Comenzaron las negociaciones entre el oficialismo y la oposición venezolana que se realizan en México, con importante participación extrarregional. El 13 de agosto, los representantes de Nicolás Maduro y de la oposición -entre ellos Juan Guaidó-, firmaron un acuerdo para discutir la transparencia electoral y el levantamiento de las sanciones económicas que Estados Unidos, y en menor medida la Unión Europea, han impuesto al régimen venezolano, como respuesta a las violaciones de los derechos humanos. Se acordó así una hoja de ruta de los temas a discutir con vistas a la elección legislativa que se realiza el 21 de noviembre. El diálogo fue auspiciado por Noruega. Cada uno de los sectores enfrentados eligió un “país facilitador” para la gestión. El chavismo se inclinó por Rusia, en la que juega un papel fundamental en el proyecto de privatización petrolera que requiere la aceptación de las potencias occidentales, que deberían levantar las sanciones. La oposición, por su parte, eligió a Holanda. El acuerdo firmado prevé la incorporación de “países acompañantes” que serían observadores privilegiados e informados sobre las discusiones, aunque sin voz ni voto en la negociación. En este “grupo de países amigos del proceso” estarían Estados Unidos, México y Argentina. No es fácil que se llegue finalmente a un acuerdo. Cabe recordar que las negociaciones gobierno-oposición de 2018 en República Dominicana y de 2019 en Barbados, fracasaron.

Mientras tanto, la crisis política peruana se agudiza a menos de un mes de la asunción del nuevo gobierno. Pedro Castillo es, al iniciar su mandato, el presidente peruano con el apoyo de opinión pública más bajo de los últimos 20 años: lo acepta sólo el 38%, casi la mitad que lo que tenían al mismo momento alguno de sus predecesores. Cabe señalar que el Congreso todavía no ha aprobado la designación del Jefe de Gabinete, Guido Bellido, quien enfrenta una denuncia judicial por financiamiento ilegal de la campaña electoral, en la cual también están involucrados dirigentes del partido oficialista Perú Libre.

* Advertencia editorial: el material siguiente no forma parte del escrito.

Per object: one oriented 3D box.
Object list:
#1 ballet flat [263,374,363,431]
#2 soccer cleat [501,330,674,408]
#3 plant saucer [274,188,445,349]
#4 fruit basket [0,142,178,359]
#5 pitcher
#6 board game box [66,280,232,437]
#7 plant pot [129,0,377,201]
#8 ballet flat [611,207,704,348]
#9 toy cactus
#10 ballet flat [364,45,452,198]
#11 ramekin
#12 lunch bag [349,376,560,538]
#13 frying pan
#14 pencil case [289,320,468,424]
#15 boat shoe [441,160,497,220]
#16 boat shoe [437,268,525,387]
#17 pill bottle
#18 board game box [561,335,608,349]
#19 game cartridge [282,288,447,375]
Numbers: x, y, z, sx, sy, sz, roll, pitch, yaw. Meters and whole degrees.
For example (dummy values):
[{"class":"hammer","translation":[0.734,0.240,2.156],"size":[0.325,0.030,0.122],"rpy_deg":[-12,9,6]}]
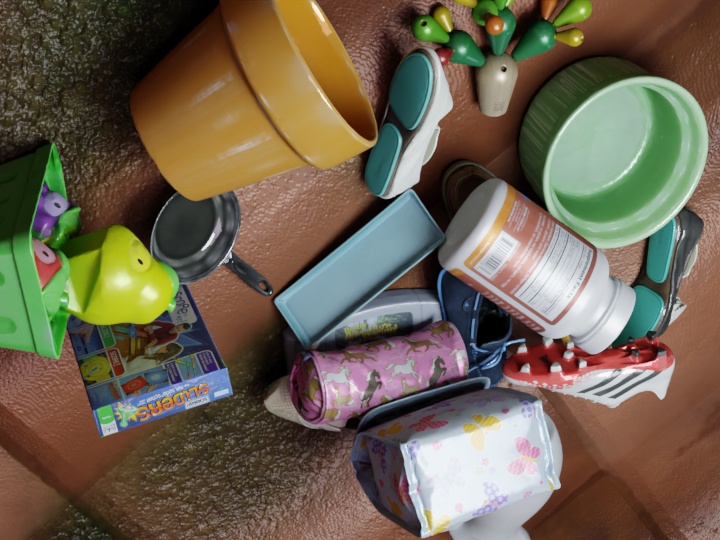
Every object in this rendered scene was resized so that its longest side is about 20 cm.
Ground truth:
[{"class":"ballet flat","translation":[-0.008,0.152,1.626],"size":[0.198,0.062,0.068],"rpy_deg":[4,117,-23]},{"class":"soccer cleat","translation":[0.260,0.121,1.657],"size":[0.197,0.069,0.086],"rpy_deg":[-6,124,-2]},{"class":"plant saucer","translation":[0.000,0.000,1.573],"size":[0.199,0.070,0.019],"rpy_deg":[-39,166,15]},{"class":"fruit basket","translation":[-0.276,-0.014,1.378],"size":[0.213,0.216,0.157],"rpy_deg":[-14,123,-14]},{"class":"pitcher","translation":[0.150,0.256,1.770],"size":[0.169,0.122,0.201],"rpy_deg":[7,128,-8]},{"class":"board game box","translation":[-0.218,0.077,1.456],"size":[0.134,0.200,0.035],"rpy_deg":[-17,124,-11]},{"class":"plant pot","translation":[-0.110,-0.163,1.381],"size":[0.182,0.201,0.201],"rpy_deg":[-29,126,14]},{"class":"ballet flat","translation":[0.365,0.019,1.743],"size":[0.068,0.068,0.202],"rpy_deg":[1,118,-33]},{"class":"toy cactus","translation":[0.151,-0.233,1.504],"size":[0.198,0.102,0.166],"rpy_deg":[-18,134,-22]},{"class":"ballet flat","translation":[0.058,-0.157,1.502],"size":[0.069,0.070,0.201],"rpy_deg":[-1,139,-21]},{"class":"ramekin","translation":[0.271,-0.135,1.595],"size":[0.198,0.098,0.202],"rpy_deg":[-10,121,-16]},{"class":"lunch bag","translation":[0.089,0.190,1.545],"size":[0.168,0.200,0.129],"rpy_deg":[-16,95,-16]},{"class":"frying pan","translation":[-0.147,-0.038,1.520],"size":[0.189,0.031,0.116],"rpy_deg":[8,106,-49]},{"class":"pencil case","translation":[0.022,0.110,1.585],"size":[0.198,0.083,0.088],"rpy_deg":[-9,85,-28]},{"class":"boat shoe","translation":[0.157,-0.036,1.623],"size":[0.072,0.068,0.201],"rpy_deg":[-34,124,1]},{"class":"boat shoe","translation":[0.138,0.071,1.654],"size":[0.084,0.068,0.201],"rpy_deg":[-54,142,-22]},{"class":"pill bottle","translation":[0.190,0.000,1.542],"size":[0.199,0.112,0.113],"rpy_deg":[34,103,-12]},{"class":"board game box","translation":[0.247,0.030,1.688],"size":[0.030,0.096,0.201],"rpy_deg":[-3,133,29]},{"class":"game cartridge","translation":[0.012,0.091,1.659],"size":[0.198,0.041,0.134],"rpy_deg":[-14,118,-15]}]
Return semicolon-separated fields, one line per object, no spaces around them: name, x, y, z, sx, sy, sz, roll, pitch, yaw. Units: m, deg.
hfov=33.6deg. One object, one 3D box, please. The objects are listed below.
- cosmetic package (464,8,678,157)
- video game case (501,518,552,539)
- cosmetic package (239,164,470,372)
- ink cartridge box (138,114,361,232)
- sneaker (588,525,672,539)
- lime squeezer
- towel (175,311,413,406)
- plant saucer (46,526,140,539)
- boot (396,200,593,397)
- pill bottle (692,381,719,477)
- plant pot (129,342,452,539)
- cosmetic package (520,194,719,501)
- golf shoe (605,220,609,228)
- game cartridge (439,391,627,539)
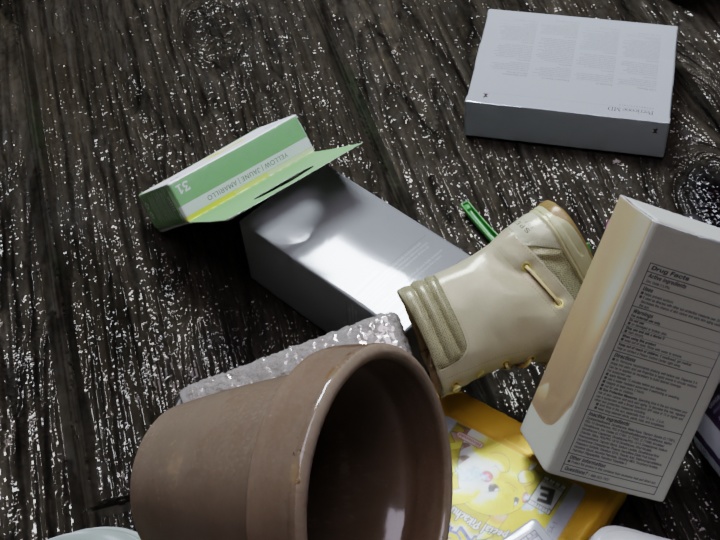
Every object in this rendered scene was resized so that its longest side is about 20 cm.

El líder de este partido, Vladimir Cerrón, el “hombre fuerte” detrás de Castillo, también está involucrado. Las denuncias de corrupción impidieron al líder del partido poder presentarse como candidato presidencial, y de allí surgió su decisión de elegir a Castillo, un dirigente sindical docente y apolítico, para ocupar su lugar. La oposición controla el Congreso, donde el oficialismo tiene sólo 37 de los 130 legisladores. Si el Congreso rechaza dos veces al Gabinete, se deben convocar nuevas elecciones para elegir un nuevo Parlamento, algo que en principio no le conviene a la oposición. Es que con este Congreso, no es posible para Castillo avanzar hacia la reforma constitucional como su estrategia política central, y sólo una nueva elección parlamentaria podría darle la oportunidad de hacerlo. Por su parte, el oficialismo denuncia una conspiración de la oposición para promover un juicio político por falta de idoneidad contra el presidente.

En conclusión, mientras el mundo tiene la mirada puesta en Afganistán, el resultado de la elección presidencial de octubre de 2022 en Brasil definirá el rumbo político de América Latina, al tiempo que se agudiza la crisis desatada en Perú por la llegada al poder de Pedro Castillo y en México, tiene lugar un nuevo intento de negociación entre el régimen venezolano y la oposición.